Spiritual development requires an ongoing surrender and submission to God. For the mystic there is a restlessness that cannot find rest until they find rest in God. The mystic divests himself of his own identity through ongoing conversion to Christ who is his new and authentic identity. This is different than the psychotic who cannot give up an identity that he never had to begin with.

She saw mysticism as a normal part of the Christian Church. Mysticism is not ethereal; it is the meat and potatoes of intentional spiritual development. Her lifelong attraction to the Roman Catholic Church as a repository of mystery and mysticism opposed a more rationalist and enlightened Anglican heritage that diminished the miraculous and iconography. The sensual avenues of God’s presence had become sidewalks.

Benedict Groeschel has an excellent description of Spiritual Development toward the mystical life in his book “Spiritual Passages: The Psychology of Spiritual Development” (1993) that is in basic agreement with Underhill’s spiritual developmental stages. His stages are Purgative, Illuminative, and Unitive. In the Unitive stage there is a loss of all defenses (again this is different than the psychotic who also is undefended). This final stage is quite different for the Christian than the Nirvana of a Buddhist where with the Buddhist; there is detachment from the world. “Where Underhill struck new ground was in her insistence that this state of union produced a glorious and fruitful creativeness, so that the mystic who attains this final perfectness is the most active doer - not the reclusive dreaming lover of God.” (http://en.wikipedia.org/wiki/Evelyn_Underhill).

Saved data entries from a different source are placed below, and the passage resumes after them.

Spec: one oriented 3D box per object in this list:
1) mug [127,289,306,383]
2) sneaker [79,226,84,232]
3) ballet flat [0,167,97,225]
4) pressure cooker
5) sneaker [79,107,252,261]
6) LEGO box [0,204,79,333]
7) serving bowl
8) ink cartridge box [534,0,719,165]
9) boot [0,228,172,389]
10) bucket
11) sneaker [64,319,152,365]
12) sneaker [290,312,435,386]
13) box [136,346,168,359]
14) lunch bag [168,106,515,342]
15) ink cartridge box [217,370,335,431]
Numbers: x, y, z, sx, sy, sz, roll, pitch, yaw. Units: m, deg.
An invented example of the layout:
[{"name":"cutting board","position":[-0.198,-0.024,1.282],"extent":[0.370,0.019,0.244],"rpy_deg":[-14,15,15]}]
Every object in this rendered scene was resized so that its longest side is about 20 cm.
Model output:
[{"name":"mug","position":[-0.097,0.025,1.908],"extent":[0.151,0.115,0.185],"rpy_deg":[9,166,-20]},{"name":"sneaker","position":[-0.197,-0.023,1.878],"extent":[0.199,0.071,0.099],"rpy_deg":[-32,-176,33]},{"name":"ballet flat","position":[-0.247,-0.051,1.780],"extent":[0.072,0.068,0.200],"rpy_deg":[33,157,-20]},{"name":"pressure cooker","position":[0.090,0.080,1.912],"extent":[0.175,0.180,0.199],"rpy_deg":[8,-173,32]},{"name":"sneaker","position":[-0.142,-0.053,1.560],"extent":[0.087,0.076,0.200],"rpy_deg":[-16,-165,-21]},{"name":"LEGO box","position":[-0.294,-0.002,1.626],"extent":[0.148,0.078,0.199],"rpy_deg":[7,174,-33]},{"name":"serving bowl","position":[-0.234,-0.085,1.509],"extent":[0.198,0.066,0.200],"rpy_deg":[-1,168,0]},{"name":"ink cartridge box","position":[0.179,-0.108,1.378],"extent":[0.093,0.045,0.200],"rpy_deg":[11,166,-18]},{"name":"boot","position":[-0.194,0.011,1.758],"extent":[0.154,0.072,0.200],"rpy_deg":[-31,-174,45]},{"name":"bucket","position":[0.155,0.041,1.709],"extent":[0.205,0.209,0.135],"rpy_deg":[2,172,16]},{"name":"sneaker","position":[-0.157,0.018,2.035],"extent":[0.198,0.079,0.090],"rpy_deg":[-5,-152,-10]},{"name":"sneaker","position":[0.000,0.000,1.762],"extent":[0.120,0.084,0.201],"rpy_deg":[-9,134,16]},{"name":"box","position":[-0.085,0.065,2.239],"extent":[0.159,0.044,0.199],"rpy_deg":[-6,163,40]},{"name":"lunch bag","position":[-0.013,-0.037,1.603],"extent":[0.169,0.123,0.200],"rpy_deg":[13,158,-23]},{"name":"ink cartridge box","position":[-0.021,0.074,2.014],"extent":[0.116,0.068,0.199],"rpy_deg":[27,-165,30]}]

Our reading for this day from the book of Wisdom includes the following. “Though she is but one, she can do all things, and while remaining in herself, she renews all things; in every generation she passes into holy souls and makes them friends of God, and prophets” (7:27).

Evelyn Underhill is one of those souls. She is an infusion of mysticism and with it, genuine feminism into His church. True feminism is meek and wise. True feminism asks for the water of life from the bridegroom Jesus Christ.

“If you then, being evil, know how to give good gifts to your children, how much more will your heavenly Father give the Holy Spirit to those who ask Him?” (Luke 11:13, NASB).

4 comments:

Tom Brisson said...

Fr. Dale, Do you think detachment may also play a part in Chrisitan mysticism? If yes, how does detachment fit in with an incarnational spirituality?

Thanks,
Tom

Dale Matson said...

Tom,
I believe that Christians as they mature spiritually, are less ego defended and egocentric and more compassionate. Thomas Merton was initially a hermit monk but later became involved in the anti war movement during the Viet Nam war era. There is a detachment from our self (the one that needs applause) but engagement in the world by seeing and serving Christ in others. The self is the seed that must die that new life may come forth.

Tom Brisson said...

Merton is a terrific example of that, isn't he? I know I'm not there, but it seems as if the harder you try to detach, the harder the ego is determined to hold on...

Dale Matson said...

Tom,
Yes, spiritual growth unfortunately in not the same as other domains such as physical growth and is not linear like physical growth. The Roman Catholic idea of mortification of the flesh if properly understood makes sense to me, if by "flesh" they mean our old nature.